◆ **WHAT TO WORK ON**
Using the records below, count the lines containing "them" and give only the total.

=== DATASET ENTRIES ===

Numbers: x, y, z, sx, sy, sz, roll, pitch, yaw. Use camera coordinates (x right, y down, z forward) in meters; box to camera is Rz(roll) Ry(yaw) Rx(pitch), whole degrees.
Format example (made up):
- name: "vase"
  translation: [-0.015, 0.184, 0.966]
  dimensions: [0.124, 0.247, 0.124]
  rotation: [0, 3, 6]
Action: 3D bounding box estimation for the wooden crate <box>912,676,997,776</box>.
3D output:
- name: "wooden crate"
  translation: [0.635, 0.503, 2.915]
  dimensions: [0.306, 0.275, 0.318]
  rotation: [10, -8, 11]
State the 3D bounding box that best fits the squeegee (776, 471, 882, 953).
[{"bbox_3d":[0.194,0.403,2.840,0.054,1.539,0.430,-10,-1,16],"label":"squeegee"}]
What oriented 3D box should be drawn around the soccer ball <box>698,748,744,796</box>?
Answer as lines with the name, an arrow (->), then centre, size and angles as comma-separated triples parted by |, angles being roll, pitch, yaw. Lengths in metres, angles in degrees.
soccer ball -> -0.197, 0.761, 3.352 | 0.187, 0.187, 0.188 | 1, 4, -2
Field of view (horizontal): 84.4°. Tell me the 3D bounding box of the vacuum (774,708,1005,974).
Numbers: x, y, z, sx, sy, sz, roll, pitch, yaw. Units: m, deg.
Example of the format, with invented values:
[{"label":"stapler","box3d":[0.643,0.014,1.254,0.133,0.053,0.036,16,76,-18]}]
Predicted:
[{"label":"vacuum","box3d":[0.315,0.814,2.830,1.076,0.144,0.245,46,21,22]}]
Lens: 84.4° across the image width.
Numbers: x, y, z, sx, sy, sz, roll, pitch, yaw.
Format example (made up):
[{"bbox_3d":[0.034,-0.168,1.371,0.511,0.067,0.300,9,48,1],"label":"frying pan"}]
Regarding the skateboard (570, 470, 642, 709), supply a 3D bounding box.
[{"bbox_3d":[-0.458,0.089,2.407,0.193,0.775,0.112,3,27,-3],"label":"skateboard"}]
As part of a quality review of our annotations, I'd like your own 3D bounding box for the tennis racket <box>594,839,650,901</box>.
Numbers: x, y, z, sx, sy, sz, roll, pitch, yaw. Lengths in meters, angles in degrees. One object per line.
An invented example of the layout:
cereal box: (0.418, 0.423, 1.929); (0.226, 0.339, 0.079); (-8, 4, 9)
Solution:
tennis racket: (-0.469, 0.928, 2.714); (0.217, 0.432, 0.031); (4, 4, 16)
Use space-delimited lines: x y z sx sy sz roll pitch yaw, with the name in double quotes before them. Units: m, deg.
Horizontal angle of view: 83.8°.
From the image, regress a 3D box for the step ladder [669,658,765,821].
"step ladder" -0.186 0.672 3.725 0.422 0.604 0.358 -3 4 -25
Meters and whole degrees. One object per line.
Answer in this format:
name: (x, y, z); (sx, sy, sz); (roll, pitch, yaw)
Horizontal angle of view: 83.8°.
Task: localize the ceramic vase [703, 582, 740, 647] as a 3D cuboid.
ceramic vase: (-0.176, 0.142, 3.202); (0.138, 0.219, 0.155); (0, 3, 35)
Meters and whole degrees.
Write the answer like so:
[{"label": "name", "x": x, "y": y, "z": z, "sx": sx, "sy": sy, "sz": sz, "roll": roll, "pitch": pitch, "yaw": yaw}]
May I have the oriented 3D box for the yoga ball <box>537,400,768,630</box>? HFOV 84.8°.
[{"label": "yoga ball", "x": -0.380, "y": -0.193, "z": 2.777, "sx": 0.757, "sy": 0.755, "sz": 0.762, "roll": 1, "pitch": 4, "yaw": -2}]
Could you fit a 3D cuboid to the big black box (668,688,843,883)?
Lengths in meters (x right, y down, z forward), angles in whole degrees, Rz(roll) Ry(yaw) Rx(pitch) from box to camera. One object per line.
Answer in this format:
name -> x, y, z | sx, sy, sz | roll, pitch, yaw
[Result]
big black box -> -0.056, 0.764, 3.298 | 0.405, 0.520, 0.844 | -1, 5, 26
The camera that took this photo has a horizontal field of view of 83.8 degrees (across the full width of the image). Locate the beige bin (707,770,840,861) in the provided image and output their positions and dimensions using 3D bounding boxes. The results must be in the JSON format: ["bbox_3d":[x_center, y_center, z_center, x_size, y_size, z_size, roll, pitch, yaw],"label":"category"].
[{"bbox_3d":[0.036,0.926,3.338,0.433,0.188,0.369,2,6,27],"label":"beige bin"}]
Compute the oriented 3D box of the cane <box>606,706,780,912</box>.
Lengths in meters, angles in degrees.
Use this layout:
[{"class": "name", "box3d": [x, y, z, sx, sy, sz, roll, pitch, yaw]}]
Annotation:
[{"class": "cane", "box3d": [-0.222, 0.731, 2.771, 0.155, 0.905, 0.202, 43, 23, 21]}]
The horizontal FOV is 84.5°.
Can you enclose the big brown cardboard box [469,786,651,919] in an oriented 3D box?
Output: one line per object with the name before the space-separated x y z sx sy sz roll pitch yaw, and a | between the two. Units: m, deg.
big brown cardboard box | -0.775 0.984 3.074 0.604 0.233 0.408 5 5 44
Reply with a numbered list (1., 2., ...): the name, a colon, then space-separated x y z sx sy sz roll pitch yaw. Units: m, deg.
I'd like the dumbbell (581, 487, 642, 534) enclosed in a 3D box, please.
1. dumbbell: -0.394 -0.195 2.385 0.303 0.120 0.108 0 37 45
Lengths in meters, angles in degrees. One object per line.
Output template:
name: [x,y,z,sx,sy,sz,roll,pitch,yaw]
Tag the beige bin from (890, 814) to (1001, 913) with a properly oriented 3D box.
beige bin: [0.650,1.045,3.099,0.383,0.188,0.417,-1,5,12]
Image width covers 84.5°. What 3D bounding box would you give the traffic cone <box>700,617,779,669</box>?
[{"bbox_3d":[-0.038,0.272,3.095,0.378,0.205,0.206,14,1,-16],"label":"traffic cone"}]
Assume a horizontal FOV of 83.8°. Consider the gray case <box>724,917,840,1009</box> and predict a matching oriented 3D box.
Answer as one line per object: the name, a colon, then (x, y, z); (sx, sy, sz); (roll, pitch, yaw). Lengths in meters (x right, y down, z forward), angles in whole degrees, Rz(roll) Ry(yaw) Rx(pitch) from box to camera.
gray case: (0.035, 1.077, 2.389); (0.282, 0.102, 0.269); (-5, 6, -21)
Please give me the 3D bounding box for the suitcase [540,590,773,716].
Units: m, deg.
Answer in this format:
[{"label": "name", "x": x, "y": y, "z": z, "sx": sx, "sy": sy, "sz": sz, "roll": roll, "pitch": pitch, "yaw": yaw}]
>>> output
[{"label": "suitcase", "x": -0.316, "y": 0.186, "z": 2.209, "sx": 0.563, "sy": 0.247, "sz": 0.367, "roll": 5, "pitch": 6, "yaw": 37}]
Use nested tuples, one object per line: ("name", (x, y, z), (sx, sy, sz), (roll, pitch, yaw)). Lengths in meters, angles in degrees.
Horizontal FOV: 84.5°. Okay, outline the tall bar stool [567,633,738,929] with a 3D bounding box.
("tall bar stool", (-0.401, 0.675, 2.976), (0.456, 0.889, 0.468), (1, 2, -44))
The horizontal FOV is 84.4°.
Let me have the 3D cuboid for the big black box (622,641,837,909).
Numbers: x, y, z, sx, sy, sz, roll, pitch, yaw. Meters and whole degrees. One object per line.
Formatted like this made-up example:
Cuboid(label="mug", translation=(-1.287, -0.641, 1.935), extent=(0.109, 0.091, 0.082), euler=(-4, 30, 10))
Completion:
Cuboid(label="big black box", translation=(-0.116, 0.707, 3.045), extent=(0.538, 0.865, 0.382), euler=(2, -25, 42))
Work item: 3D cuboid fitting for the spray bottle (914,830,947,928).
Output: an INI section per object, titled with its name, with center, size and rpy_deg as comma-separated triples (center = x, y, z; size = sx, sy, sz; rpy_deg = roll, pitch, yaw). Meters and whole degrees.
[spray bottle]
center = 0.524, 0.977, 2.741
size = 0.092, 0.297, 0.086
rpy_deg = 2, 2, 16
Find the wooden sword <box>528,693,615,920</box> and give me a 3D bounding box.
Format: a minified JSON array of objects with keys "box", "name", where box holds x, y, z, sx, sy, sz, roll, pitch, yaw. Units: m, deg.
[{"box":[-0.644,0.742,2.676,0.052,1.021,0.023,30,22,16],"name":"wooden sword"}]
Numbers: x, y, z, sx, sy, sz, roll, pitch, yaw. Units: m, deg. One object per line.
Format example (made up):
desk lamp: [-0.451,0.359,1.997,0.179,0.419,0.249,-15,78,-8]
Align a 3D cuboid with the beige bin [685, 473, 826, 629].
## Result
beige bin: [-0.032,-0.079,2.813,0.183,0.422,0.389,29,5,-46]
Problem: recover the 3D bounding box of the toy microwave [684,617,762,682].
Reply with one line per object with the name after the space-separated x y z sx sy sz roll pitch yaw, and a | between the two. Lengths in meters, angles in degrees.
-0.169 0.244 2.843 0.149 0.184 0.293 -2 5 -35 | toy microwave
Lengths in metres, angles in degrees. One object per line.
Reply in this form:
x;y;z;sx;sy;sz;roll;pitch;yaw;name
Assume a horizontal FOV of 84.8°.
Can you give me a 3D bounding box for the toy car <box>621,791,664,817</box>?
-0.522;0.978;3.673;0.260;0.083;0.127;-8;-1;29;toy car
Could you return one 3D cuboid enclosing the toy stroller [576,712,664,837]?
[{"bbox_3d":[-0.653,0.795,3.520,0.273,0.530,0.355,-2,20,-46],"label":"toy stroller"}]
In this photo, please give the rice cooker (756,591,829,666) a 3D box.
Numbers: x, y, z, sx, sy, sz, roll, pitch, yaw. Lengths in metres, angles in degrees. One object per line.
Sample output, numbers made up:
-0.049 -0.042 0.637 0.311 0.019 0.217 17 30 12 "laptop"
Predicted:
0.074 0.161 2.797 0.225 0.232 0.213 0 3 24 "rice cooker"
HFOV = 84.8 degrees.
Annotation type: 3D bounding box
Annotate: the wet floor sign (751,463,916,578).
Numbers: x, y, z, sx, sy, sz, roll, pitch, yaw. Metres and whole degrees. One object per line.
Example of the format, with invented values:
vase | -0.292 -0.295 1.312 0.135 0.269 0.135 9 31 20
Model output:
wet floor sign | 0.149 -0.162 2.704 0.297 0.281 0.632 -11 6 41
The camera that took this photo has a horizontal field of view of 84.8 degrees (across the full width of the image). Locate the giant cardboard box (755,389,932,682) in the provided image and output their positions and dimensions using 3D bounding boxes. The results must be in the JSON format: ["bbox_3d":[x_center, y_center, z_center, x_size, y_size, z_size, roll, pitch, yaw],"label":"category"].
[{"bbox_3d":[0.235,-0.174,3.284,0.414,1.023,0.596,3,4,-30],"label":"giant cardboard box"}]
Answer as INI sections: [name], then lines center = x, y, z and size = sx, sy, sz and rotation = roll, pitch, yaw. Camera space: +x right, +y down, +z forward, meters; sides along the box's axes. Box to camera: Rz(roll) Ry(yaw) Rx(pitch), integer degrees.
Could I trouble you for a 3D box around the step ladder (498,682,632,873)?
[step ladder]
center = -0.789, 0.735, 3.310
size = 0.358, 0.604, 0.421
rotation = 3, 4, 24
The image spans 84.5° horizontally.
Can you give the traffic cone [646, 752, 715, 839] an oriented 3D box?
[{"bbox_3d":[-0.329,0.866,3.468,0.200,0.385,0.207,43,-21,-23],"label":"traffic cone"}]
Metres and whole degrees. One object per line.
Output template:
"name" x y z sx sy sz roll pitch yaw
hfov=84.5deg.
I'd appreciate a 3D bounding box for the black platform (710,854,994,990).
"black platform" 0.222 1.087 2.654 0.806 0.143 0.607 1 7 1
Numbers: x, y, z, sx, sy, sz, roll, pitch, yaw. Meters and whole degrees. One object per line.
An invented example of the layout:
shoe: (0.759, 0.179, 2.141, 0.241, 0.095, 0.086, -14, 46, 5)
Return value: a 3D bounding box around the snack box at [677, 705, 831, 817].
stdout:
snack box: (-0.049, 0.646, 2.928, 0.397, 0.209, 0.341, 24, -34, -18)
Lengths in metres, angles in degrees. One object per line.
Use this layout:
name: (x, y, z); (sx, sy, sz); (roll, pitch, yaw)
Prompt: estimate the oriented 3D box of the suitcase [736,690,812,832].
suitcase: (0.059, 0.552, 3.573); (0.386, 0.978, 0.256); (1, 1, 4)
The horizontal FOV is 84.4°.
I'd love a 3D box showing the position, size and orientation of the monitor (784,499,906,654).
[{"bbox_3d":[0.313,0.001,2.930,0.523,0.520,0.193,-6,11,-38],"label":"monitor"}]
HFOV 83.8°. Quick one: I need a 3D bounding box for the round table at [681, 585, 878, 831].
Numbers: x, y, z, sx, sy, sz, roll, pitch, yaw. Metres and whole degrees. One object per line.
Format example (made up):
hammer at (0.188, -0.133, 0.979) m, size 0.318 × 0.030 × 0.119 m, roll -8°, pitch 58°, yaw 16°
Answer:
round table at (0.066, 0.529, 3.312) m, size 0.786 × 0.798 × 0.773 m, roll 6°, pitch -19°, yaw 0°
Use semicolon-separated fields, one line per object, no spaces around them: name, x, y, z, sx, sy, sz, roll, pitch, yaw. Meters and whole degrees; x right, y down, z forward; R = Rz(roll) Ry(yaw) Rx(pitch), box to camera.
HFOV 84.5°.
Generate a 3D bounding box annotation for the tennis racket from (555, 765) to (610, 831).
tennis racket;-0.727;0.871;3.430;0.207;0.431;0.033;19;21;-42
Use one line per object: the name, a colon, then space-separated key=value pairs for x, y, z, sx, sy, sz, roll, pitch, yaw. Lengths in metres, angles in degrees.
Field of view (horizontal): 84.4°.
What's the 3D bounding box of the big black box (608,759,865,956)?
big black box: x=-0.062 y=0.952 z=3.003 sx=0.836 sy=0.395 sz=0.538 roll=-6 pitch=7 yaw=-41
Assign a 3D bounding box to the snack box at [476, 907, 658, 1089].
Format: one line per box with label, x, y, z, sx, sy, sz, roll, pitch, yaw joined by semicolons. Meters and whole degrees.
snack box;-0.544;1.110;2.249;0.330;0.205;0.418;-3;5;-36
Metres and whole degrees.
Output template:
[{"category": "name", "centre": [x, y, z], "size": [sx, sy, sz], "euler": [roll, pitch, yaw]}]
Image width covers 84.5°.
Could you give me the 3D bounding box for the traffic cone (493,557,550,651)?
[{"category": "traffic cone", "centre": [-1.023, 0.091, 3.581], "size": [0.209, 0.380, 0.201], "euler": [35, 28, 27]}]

===

◆ **RESULT FOR THIS TASK**
2